Electronic medical records from the South Central Veterans’ Affairs Health Care Network (VISN 16) data warehouse were used for the study. The VISN 16 data warehouse is an integrated, de-identified, individual-level database that covers a geographic region of ∼170 000 square miles, including records for more than 445 000 veterans located in Arkansas, Louisiana, Mississippi, Oklahoma and parts of Alabama, Florida, Missouri and Texas. Records from 10 medical centers and 40 community-based outpatient clinics are included in the database. Elements of the database include demographic data, inpatient and outpatient records, pharmacy prescriptions, lab results, vital-sign data (height and body weight) and mortality information (date of death) for each patient treated within the network. The data are updated monthly and maintained by the VISN 16 Information Technology Development Group. Data covering the period from 1 January 2002 to 1 January 2011 were used for this study. Appropriate institutional review board approval was obtained prior to the study initiation.

Patients

Selected patients were required to have at least two recorded sUA measurements between 30 June 2002 and 1 January 2011 and were continuously enrolled in the database for a minimum of 6 months prior to and 12 months following their first sUA measurement. The date of the first sUA reading for each patient was defined as the index date. Patients without at least two sUA values recorded during their continuous eligibility period were excluded from the analysis.

Only patients above the age of 18 were included in the analysis. Patients were required to have a diagnosis of gout [International Classification of Disease-9-Clinical Modification (ICD-9-CM): 274.xx] on at least two different dates. Since a very small proportion of veterans enrolled in VISN 16 are female, the study was restricted to male patients.
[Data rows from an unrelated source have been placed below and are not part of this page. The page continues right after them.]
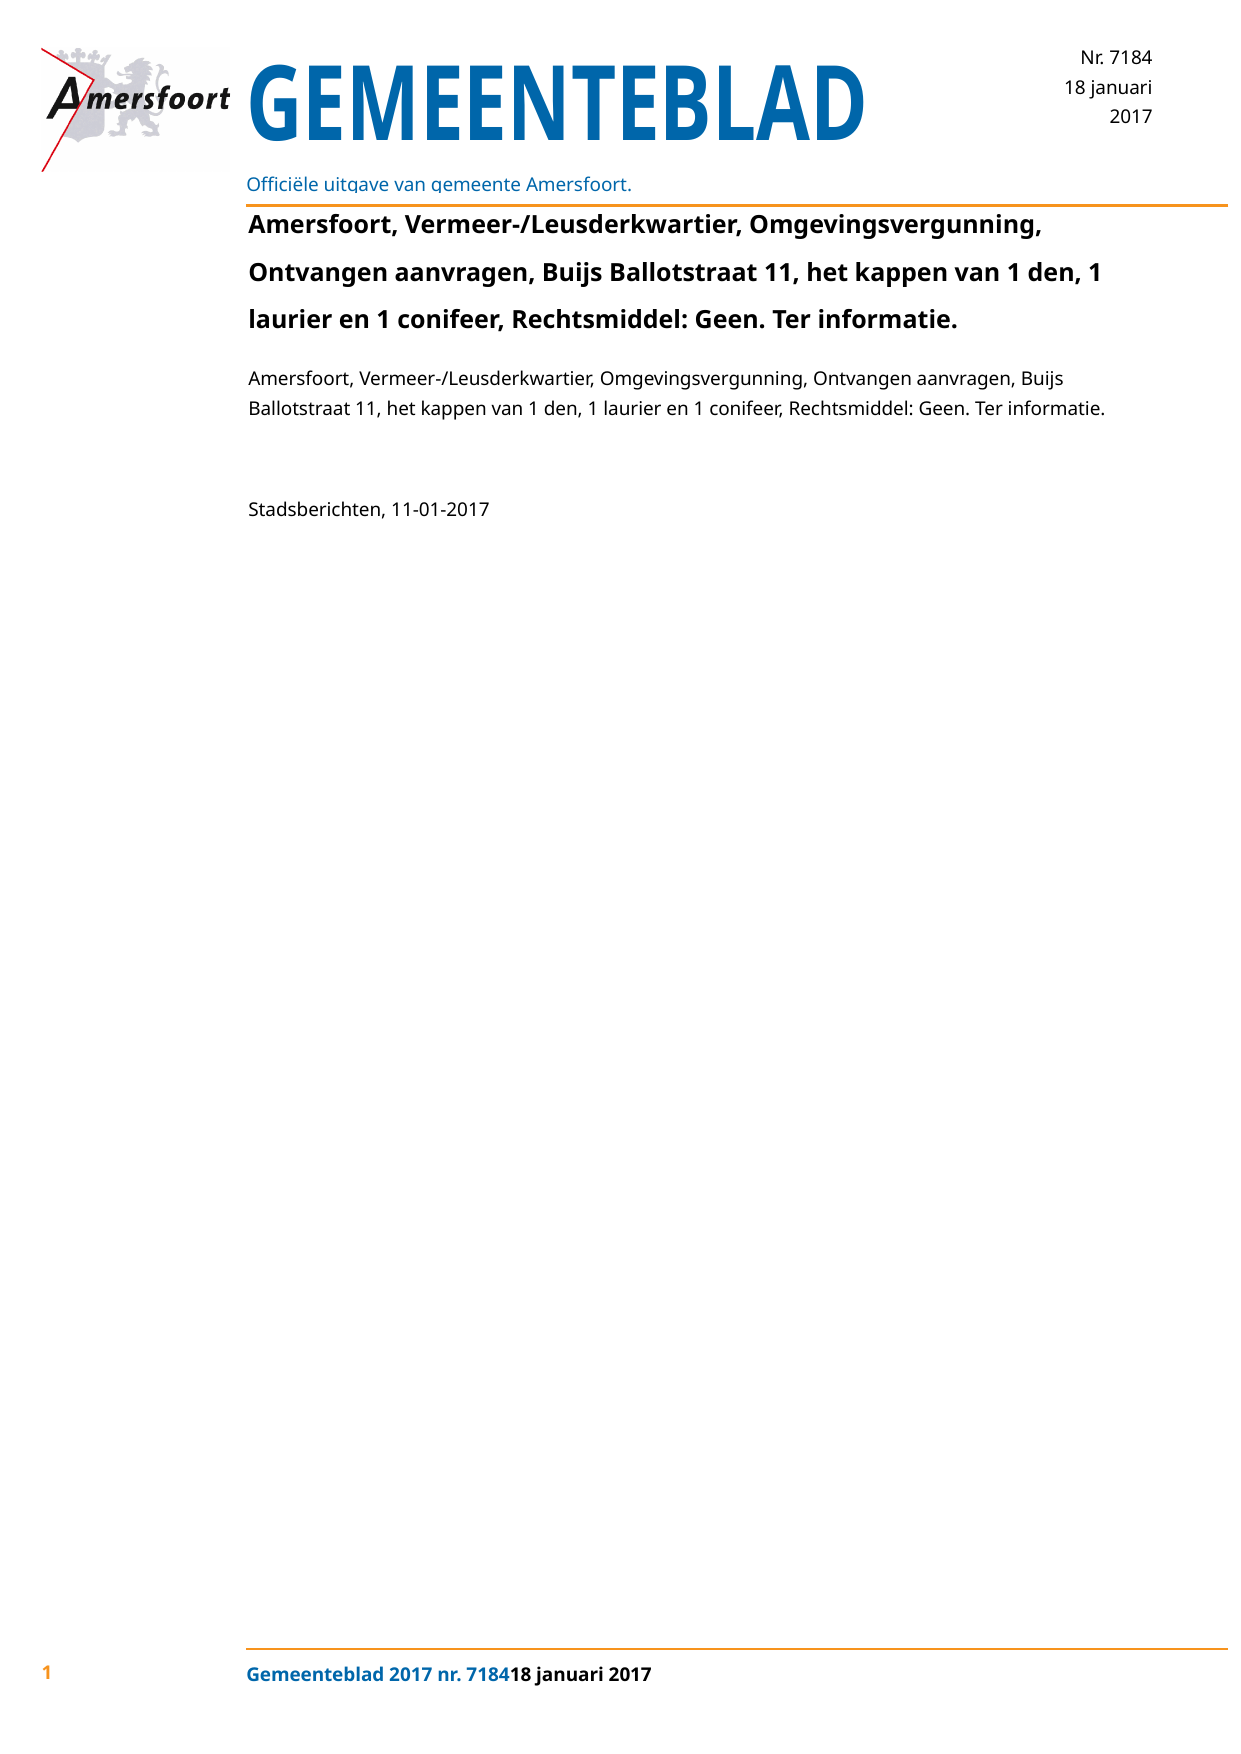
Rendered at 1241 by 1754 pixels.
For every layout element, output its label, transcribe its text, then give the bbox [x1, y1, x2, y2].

text Amersfoort, Vermeer-/Leusderkwartier, Omgevingsvergunning, Ontvangen aanvragen, Buijs Ballotstraat 11, het kappen van 1 den, 1 laurier en 1 conifeer, Rechtsmiddel: Geen. Ter informatie. [248, 366, 1152, 421]
text Stadsberichten, 11-01-2017 [248, 496, 1152, 522]
picture [41, 47, 231, 172]
text Amersfoort, Vermeer-/Leusderkwartier, Omgevingsvergunning, Ontvangen aanvragen, Buijs Ballotstraat 11, het kappen van 1 den, 1 laurier en 1 conifeer, Rechtsmiddel: Geen. Ter informatie. [248, 207, 1152, 336]

Patients receiving any diagnoses for other inflammatory diseases including rheumatoid arthritis (ICD-9-CM: 714), diffuse diseases of connective tissue such as lupus, scleroderma and others (ICD-9-CM: 710), vasculitis (ICD-9-CM: 446), psoriatic arthritis (ICD-9-CM: 696.0), autoimmune disease (ICD-9-CM: 283.0, 580–583, 242.0, 340, 358.0, 130.3, 422.0, 422.9, 429.0, 390–398), pseudo-gout (ICD-9-CM: 712.2, 727.82, 275.4) and other inflammatory arthritis (ICD-9-CM: 711.1, 711.3, 712, 713.1, 720) at any time were excluded from the analysis. The study was limited to patients with no diabetes prior to the index date, as identified by recorded diagnosis codes (ICD-9-CM: 250) and/or claims for anti-diabetic medications or HbA1c ≥ 6.5%.

Given that the use of diuretics can be associated with the development of diabetes, a subgroup analysis was performed among patients who did not use diuretics during their entire available history.24 As hyperuricemia is frequently found in the patients with renal insufficiency, a subgroup analysis was conducted among patients with no history of kidney disease during the entire available history.

Outcomes

The primary outcome of interest in this study was time to the first diabetes diagnosis starting from the index date. As described in the sample selection process, diabetes was identified by recorded diagnosis codes (ICD-9-CM: 250) and/or claims for anti-diabetic medications or HbA1c 6.5%.

The sUA levels and other relevant covariates of interest, such as demographic variables and baseline comorbidities, were included in the analysis. For each patient, mean sUA level was estimated for each 6-month cycle starting from the index date until the end of continuous eligibility. Since not every cycle had sUA readings, a linear extrapolation using adjacent sUA readings was applied to obtain sUA levels for all cycles. Using these sUA levels, patients were classified as having hyperuricemia (>7 mg/dl) or not (≤7 mg/dl) for each 6-month time interval. Several studies have used sUA > 7 mg/dl25,26 or sUA ≥ 7 mg/dl to define hyperuricemia for men.4,27,28 Accordingly, for this study, sUA > 7 mg/dl was used to define hyperuricemia. In addition, for the descriptive analysis, one cohort with no hyperuricemia (sUA ≤ 7 mg/dl) and two cohorts with hyperuricemia (7 mg/dl < sUA ≤ 9 mg/dl and sUA > 9 mg/dl) were created based on the average sUA level estimated using the average area under the curve (AUC) method over the entire study period.

Other predictors of diabetes were measured during the 6-month pre-index baseline period, while demographic variables were assessed as of the index date. These characteristics included age at the index date, year of index date, race (white or non-white), state of residence (Arkansas, Louisiana, Mississippi, Oklahoma or Texas), body mass index (BMI) and baseline tobacco use, hyperlipidemia and hypertension. These factors were selected a priori based on the existing literature and data availability.4,9–11,29,30

This study also estimated the average AFs for different diabetes risk factors, including hyperuricemia during the first year. All risk factors except for hyperuricemia were measured during the 6-month pre-index baseline period. Average sUA levels were measured within the first year, and patients were classified into hyperuricemia (sUA > 7 mg/dl) vs. no hyperuricemia (sUA ≤ 7 mg/dl) cohorts.

Statistical analysis

Patient characteristics were assessed for the overall study sample during the 6-month period prior to the index date and summarized in terms of mean ± standard deviation (SD) for continuous variables or proportions for categorical variables.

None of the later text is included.